Tansy grabbed for zir with a mid-hand as zie fell, and caught ahold of something. Zie was sure it was Ellie’s arm, and zie held it as firmly as zie could. In fact, it was Ellie’s left antenna. Antennae were never intended to hold the weight of a falling Herethroy, and, unfortunately, Tansy’s hand proved stronger than Ellie’s antenna. The rest of Ellie continued down, more or less along the same parabola that the pudding had taken, including a sharp blow to zir already-injured head against the column. Zie ended up in the arms of the mayor.
“Madam, I am afraid that your child has been irresponsibly dancing on the edge of the mow, and has injured herself,” proclaimed the mayor. She was not nearly as callous as she sounded. She was checking Elecampagne for injuries as she spoke, and ripped off her own new tunic, as the cleanest bit of cloth around, to try to staunch the blood.
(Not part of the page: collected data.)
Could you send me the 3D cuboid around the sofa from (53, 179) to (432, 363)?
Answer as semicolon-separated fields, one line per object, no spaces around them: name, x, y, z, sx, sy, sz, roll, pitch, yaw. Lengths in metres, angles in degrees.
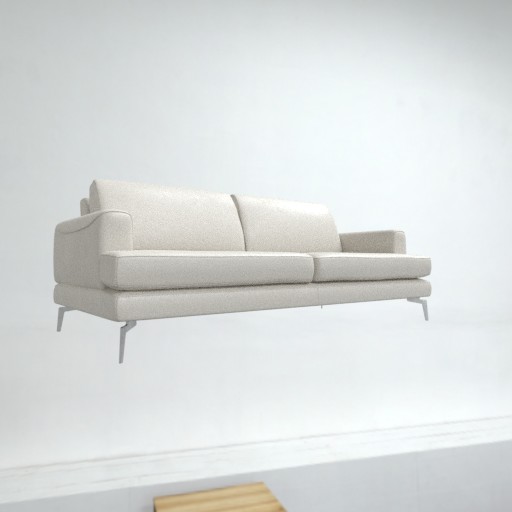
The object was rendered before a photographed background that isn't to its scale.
sofa;0.000;0.000;2.464;1.940;0.765;0.974;1;-1;-37
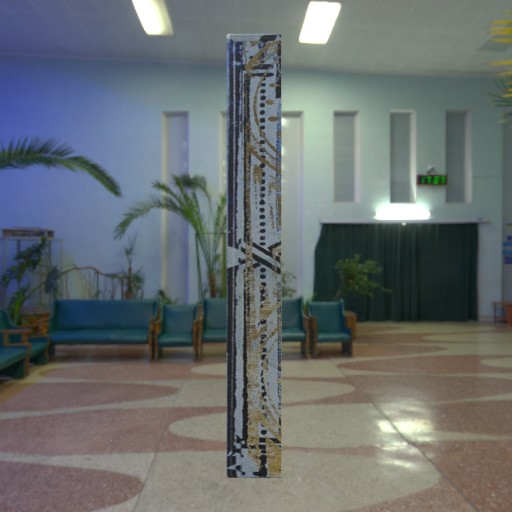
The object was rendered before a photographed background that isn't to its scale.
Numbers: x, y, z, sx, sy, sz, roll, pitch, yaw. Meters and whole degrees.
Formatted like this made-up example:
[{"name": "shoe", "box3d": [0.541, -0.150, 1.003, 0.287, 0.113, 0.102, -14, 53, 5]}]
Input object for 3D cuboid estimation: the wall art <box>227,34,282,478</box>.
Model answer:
[{"name": "wall art", "box3d": [0.000, 0.000, 0.455, 0.038, 0.306, 0.302, 0, 0, 1]}]
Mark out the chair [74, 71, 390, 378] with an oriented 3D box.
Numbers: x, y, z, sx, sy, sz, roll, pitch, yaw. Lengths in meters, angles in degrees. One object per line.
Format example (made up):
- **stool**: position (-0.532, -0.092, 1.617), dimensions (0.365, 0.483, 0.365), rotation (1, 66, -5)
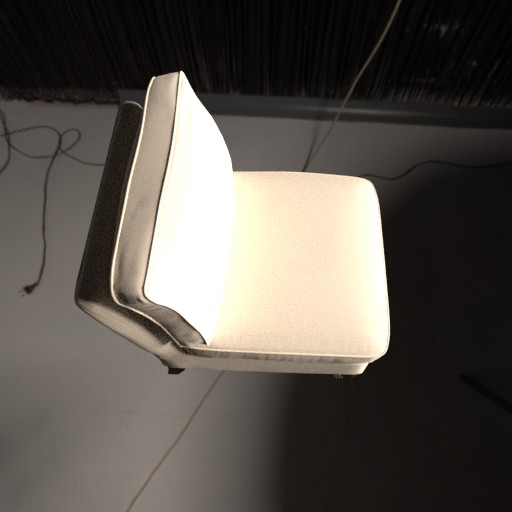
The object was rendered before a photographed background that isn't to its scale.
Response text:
- **chair**: position (0.000, 0.000, 1.375), dimensions (0.781, 0.887, 0.630), rotation (2, 64, 1)
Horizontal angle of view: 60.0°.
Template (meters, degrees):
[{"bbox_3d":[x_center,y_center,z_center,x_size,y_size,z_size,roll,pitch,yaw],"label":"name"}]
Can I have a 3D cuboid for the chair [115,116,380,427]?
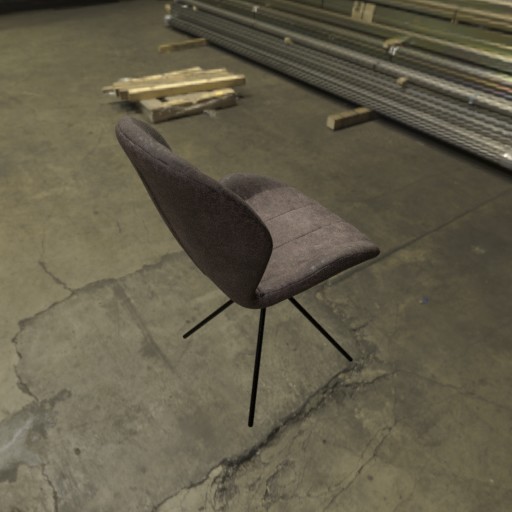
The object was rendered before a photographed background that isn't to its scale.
[{"bbox_3d":[0.000,0.000,1.308,0.640,0.934,0.527,-24,46,-26],"label":"chair"}]
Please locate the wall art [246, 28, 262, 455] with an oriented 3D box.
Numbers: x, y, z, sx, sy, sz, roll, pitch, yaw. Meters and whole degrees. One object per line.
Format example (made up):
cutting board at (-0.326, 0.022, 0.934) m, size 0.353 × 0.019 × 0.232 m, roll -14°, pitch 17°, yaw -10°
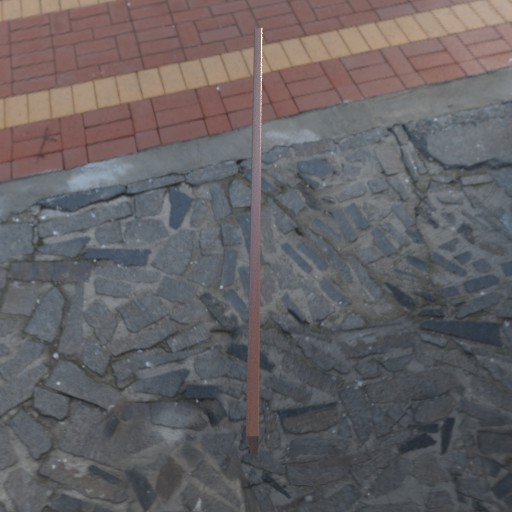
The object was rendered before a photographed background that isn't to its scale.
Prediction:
wall art at (0.000, 0.000, 0.827) m, size 0.014 × 0.455 × 0.660 m, roll 1°, pitch 64°, yaw 0°

Ellie was borne off to home, and cleaned, and tended with the best the village could offer. A dozen villagers had some training in the healing arts. Soon enough Ellie was restored to consciousness, and the gash on zir head erased to an unpleasant memory. Nobody in the village had the skill to reattach zir antenna, though; that is a somewhat obscure spell, and not the easiest.
In the fussing and fretting over Ellie, the villagers had forgotten about the scattering of burning oiled alcoholic cake crumbs all over the barn. The pungent incense of burning hay and cardamom was their first reminder. By then it was too late to save the barn, the hay, or the spice harvest.